The interns arrived with impressive skills, a true feat in a country where telecommunications is spotty and slow, and access to computers and other gadgets is scarce.

“I’ve learned several choices to connect to Internet servers,” said Toledo in near flawless English. “Going back to Cuba, I have to find a flaw in the system or in the Internet connection and try to [fix it] by using what I learned here to try to apply it.”

Toledo, 21, said he became fascinated by computers at the age of 10, and that his father nurtured his interest.

His father would take him to his workplace sometimes, where Toledo would spend “hours and hours” just exploring different ways to use the computer.

Caulfield said that getting the Cuban government to support the idea of Americans wanting to help young Cubans advance their technological skills was not easy.

“We reached out to the Cuban Embassy,” Caulfield said. “We had to overcome suspicion that this was being done for subversive reasons.”

“In Cuba there a lot of people with talent who lack resources,” he said. “The only way to get access is if you’re a student or have a job that has Internet access.”

The students were thrilled with the faster working computers and ubiquitous Wifi here.

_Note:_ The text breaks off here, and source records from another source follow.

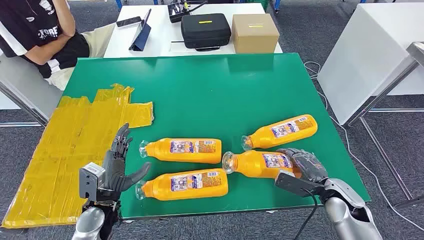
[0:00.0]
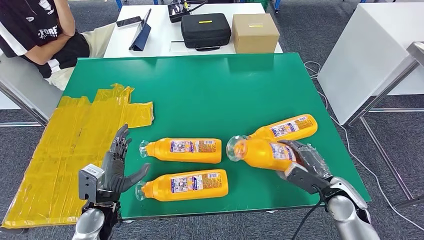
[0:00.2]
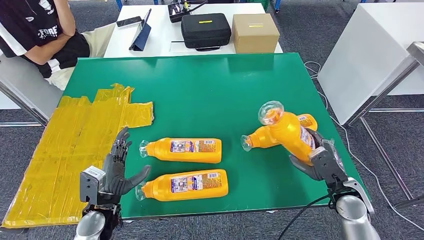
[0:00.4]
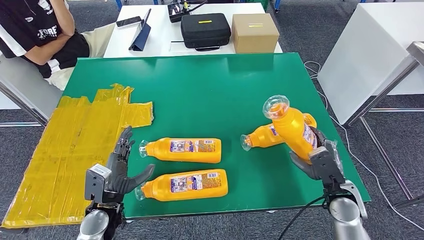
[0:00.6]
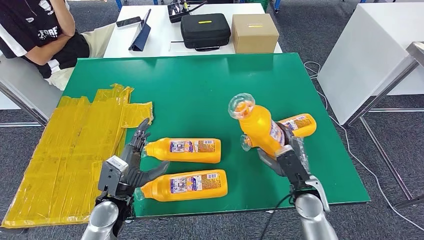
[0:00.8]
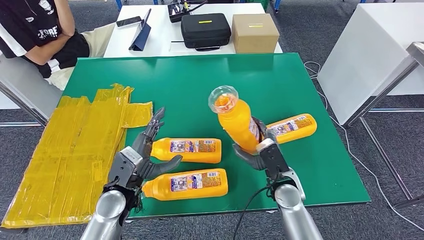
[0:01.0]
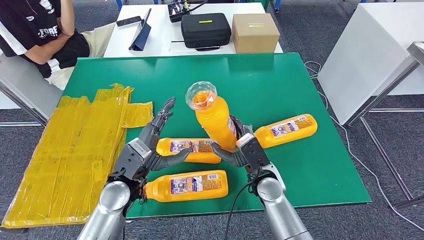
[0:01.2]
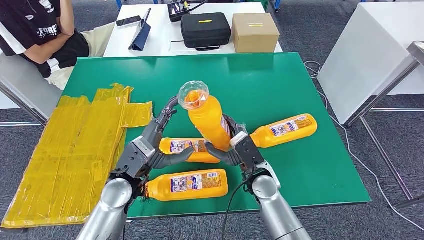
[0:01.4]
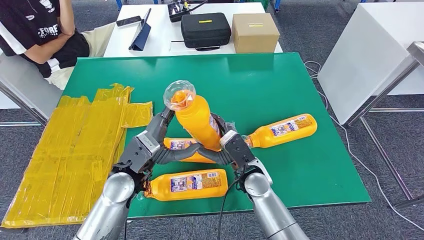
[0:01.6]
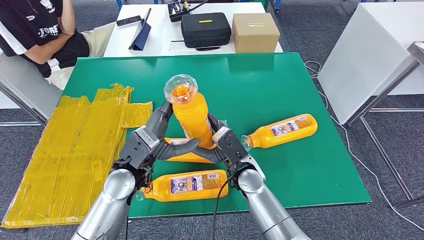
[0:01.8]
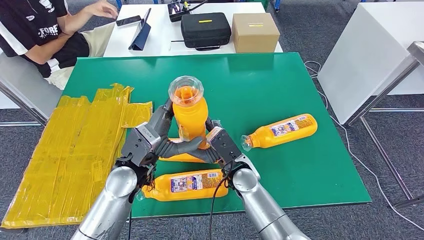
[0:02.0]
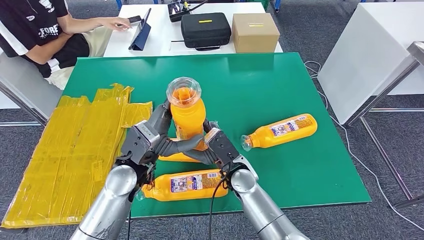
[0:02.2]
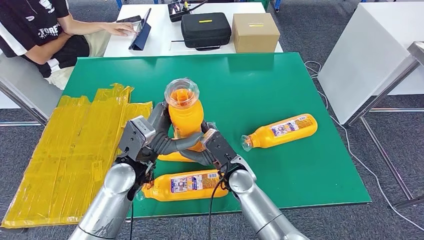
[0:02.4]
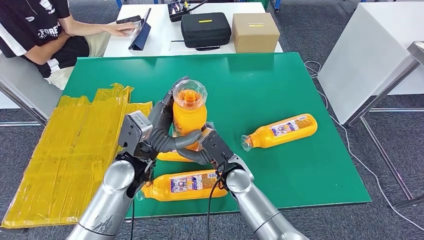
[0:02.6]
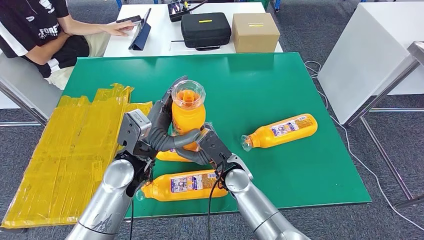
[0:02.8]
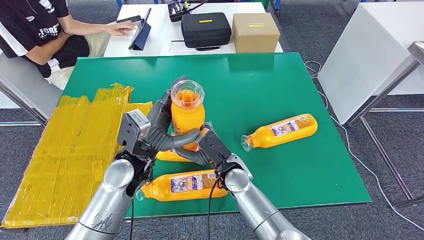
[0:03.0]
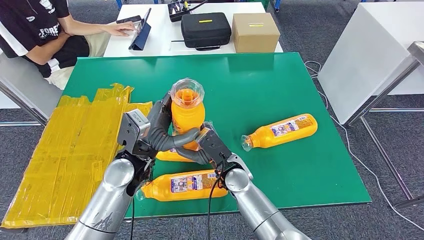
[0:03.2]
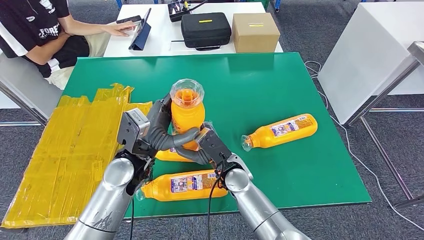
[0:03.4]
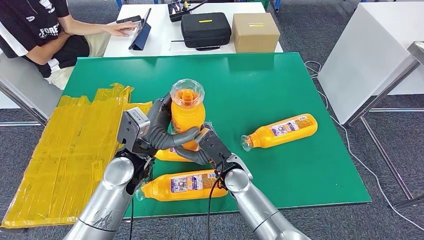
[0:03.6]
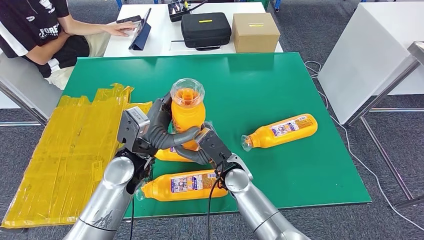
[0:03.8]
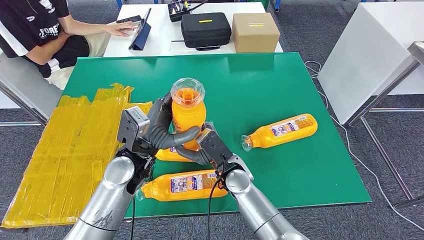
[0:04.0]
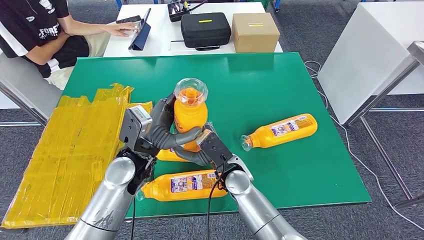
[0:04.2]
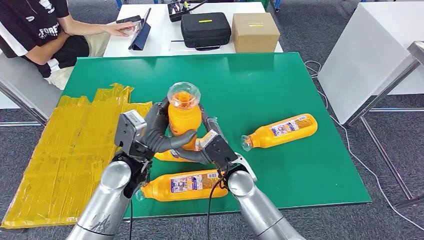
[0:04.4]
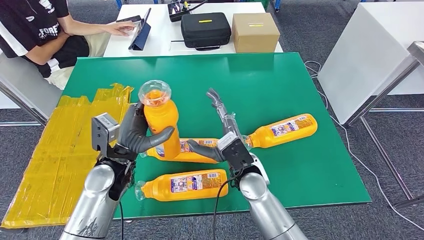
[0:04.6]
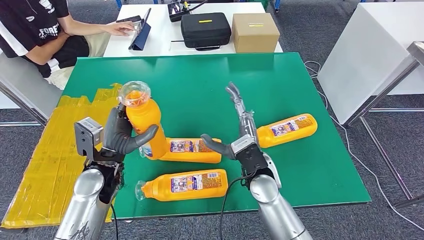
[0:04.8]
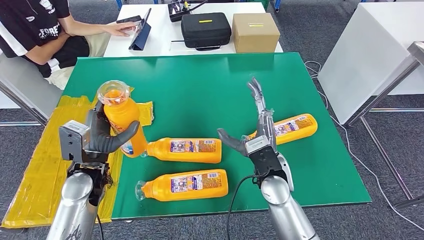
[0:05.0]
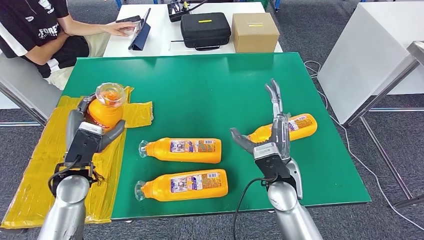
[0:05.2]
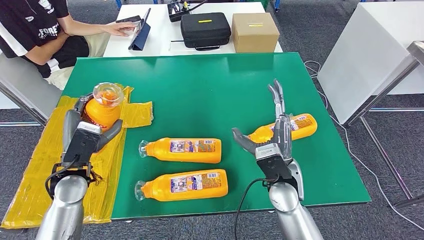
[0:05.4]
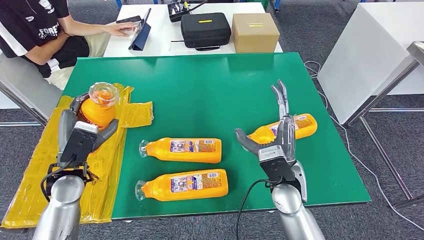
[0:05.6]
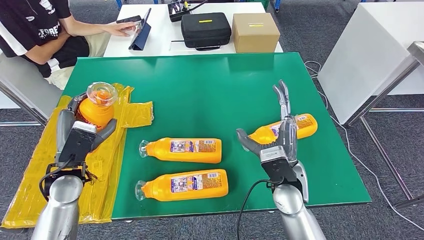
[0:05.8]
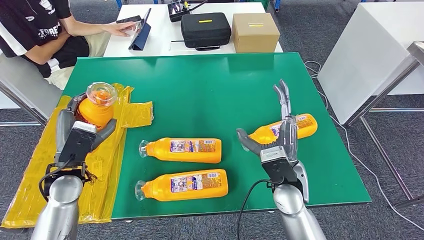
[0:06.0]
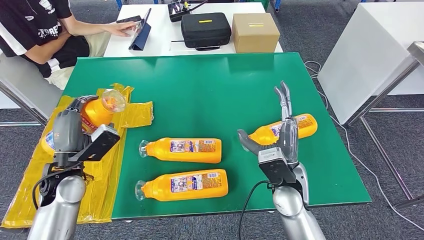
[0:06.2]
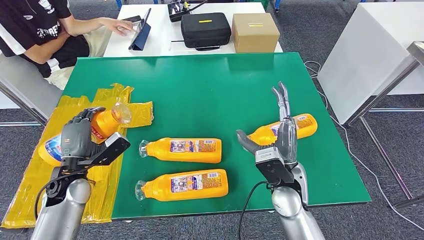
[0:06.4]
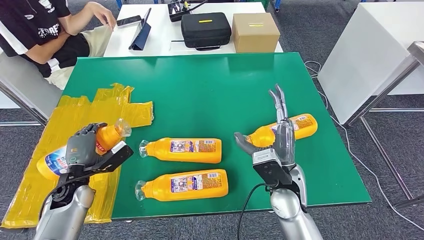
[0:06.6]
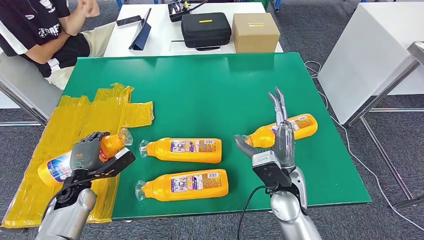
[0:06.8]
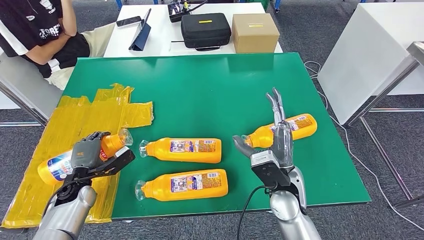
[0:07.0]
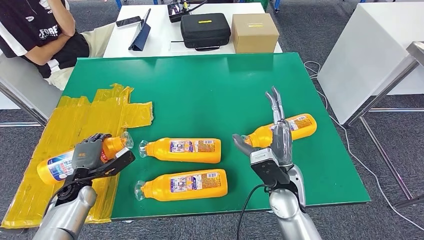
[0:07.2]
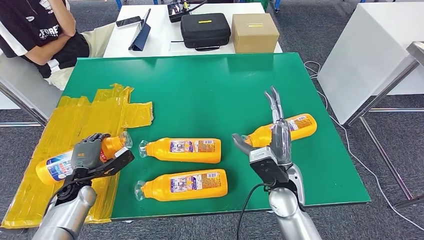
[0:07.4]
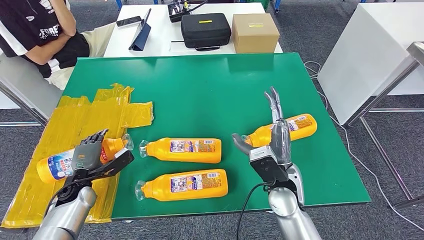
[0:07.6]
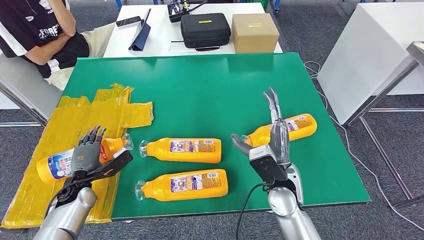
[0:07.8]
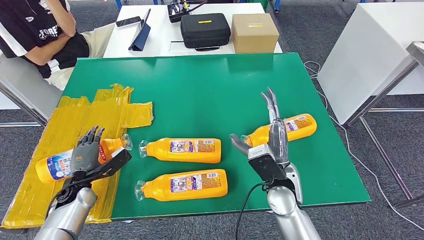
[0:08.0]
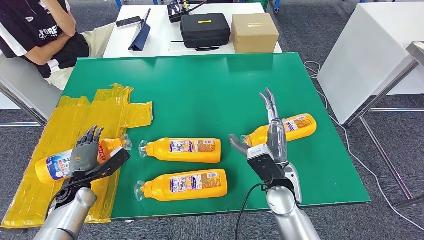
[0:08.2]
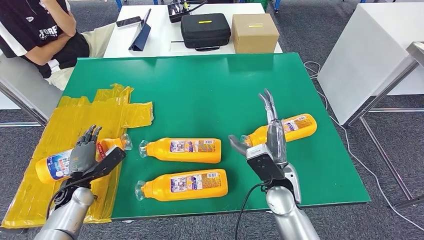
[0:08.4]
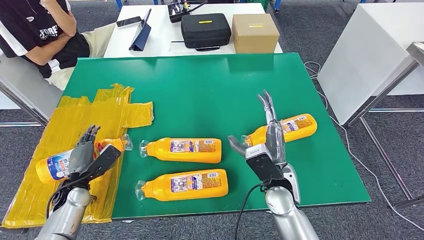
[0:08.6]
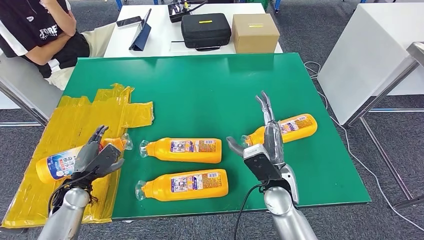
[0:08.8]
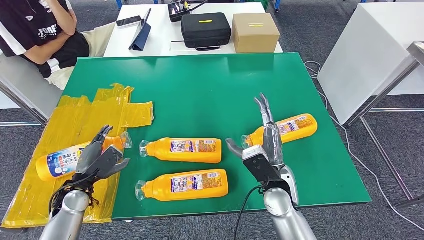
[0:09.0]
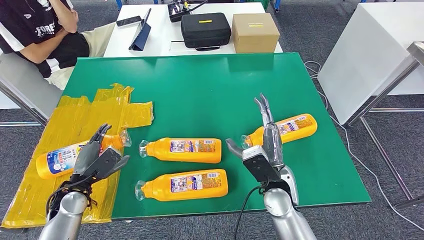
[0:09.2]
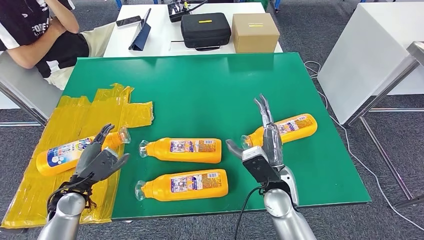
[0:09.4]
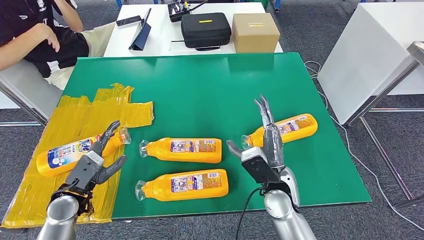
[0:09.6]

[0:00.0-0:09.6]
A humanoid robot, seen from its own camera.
Step, 0:00.0 to 0:03.8: Take the bottle from the table.
Step, 0:04.0 to 0:09.2: Flip the bottle to face forward.
0:01.6 to 0:03.2: The right hand is displaced to the left by about 5 cm.
0:03.2 to 0:04.8: The left hand goes approximately 10 cm to the left; the right hand heads to the right, covering some 5 cm.
0:04.8 to 0:06.4: The left hand shifts some 10 cm to the left. Meanwhile the right hand is displaced to the right by some 5 cm.
0:06.4 to 0:08.0: The left hand heads downward, covering approximately 10 cm.
0:08.0 to 0:09.6: The left hand goes roughly 5 cm upward.

There are about 100 Wifi spots in all of Cuba.

“To see the look on their faces – it’s priceless,” Spencer said of observing their delight as they worked with speedy technology and walked around an Apple store or “a grocery store that 25 different kinds of cooking oil instead of one.”

Spencer acknowledged the challenges to technological progress and access in a nation where the government still is leery of change and reluctant to expose its citizens to ideas that contradict those pushed by the Communist doctrine.

But for now, he and the interns focus on the “large middle area” of technology and innovation that is tolerated by government officials, Spencer said.

“That’s the real question that American companies have going into Cuba,” he said, “how to play by the rules and still make progress down there.”